§ Activity:
Leaving out only the pictures, write out all the entries exactly.

§ Record set:
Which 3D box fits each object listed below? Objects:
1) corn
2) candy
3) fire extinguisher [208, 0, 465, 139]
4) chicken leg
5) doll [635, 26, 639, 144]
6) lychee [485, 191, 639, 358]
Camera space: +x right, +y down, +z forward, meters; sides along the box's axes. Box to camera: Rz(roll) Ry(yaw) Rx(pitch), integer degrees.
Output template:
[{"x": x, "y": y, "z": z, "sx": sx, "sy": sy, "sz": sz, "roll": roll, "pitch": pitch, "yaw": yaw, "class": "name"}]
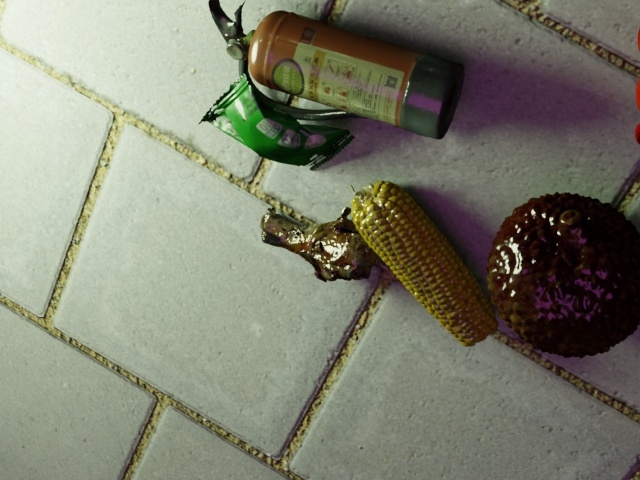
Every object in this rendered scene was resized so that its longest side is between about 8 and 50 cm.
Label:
[{"x": 0.155, "y": 0.029, "z": 2.090, "sx": 0.101, "sy": 0.101, "sz": 0.310, "roll": -36, "pitch": 98, "yaw": 36, "class": "corn"}, {"x": -0.066, "y": -0.160, "z": 2.050, "sx": 0.203, "sy": 0.078, "sz": 0.141, "roll": 24, "pitch": 165, "yaw": -22, "class": "candy"}, {"x": 0.008, "y": -0.225, "z": 1.998, "sx": 0.376, "sy": 0.113, "sz": 0.200, "roll": 20, "pitch": 125, "yaw": 13, "class": "fire extinguisher"}, {"x": 0.002, "y": 0.008, "z": 2.170, "sx": 0.196, "sy": 0.080, "sz": 0.125, "roll": 1, "pitch": 109, "yaw": 33, "class": "chicken leg"}, {"x": 0.493, "y": -0.257, "z": 1.728, "sx": 0.183, "sy": 0.160, "sz": 0.363, "roll": 26, "pitch": 127, "yaw": 0, "class": "doll"}, {"x": 0.350, "y": 0.057, "z": 1.943, "sx": 0.236, "sy": 0.236, "sz": 0.271, "roll": 7, "pitch": 145, "yaw": 21, "class": "lychee"}]

§ Answer to this task:
Which 3D box fits each object listed below? Objects:
1) corn
2) candy
3) fire extinguisher [208, 0, 465, 139]
4) chicken leg
5) doll [635, 26, 639, 144]
6) lychee [485, 191, 639, 358]
Camera space: +x right, +y down, +z forward, meters; sides along the box's axes. Box to camera: Rz(roll) Ry(yaw) Rx(pitch), integer degrees.
Output template:
[{"x": x, "y": y, "z": z, "sx": sx, "sy": sy, "sz": sz, "roll": roll, "pitch": pitch, "yaw": yaw, "class": "name"}]
Every object in this rendered scene was resized so that its longest side is between about 8 and 50 cm.
Label:
[{"x": 0.155, "y": 0.029, "z": 2.090, "sx": 0.101, "sy": 0.101, "sz": 0.310, "roll": -36, "pitch": 98, "yaw": 36, "class": "corn"}, {"x": -0.066, "y": -0.160, "z": 2.050, "sx": 0.203, "sy": 0.078, "sz": 0.141, "roll": 24, "pitch": 165, "yaw": -22, "class": "candy"}, {"x": 0.008, "y": -0.225, "z": 1.998, "sx": 0.376, "sy": 0.113, "sz": 0.200, "roll": 20, "pitch": 125, "yaw": 13, "class": "fire extinguisher"}, {"x": 0.002, "y": 0.008, "z": 2.170, "sx": 0.196, "sy": 0.080, "sz": 0.125, "roll": 1, "pitch": 109, "yaw": 33, "class": "chicken leg"}, {"x": 0.493, "y": -0.257, "z": 1.728, "sx": 0.183, "sy": 0.160, "sz": 0.363, "roll": 26, "pitch": 127, "yaw": 0, "class": "doll"}, {"x": 0.350, "y": 0.057, "z": 1.943, "sx": 0.236, "sy": 0.236, "sz": 0.271, "roll": 7, "pitch": 145, "yaw": 21, "class": "lychee"}]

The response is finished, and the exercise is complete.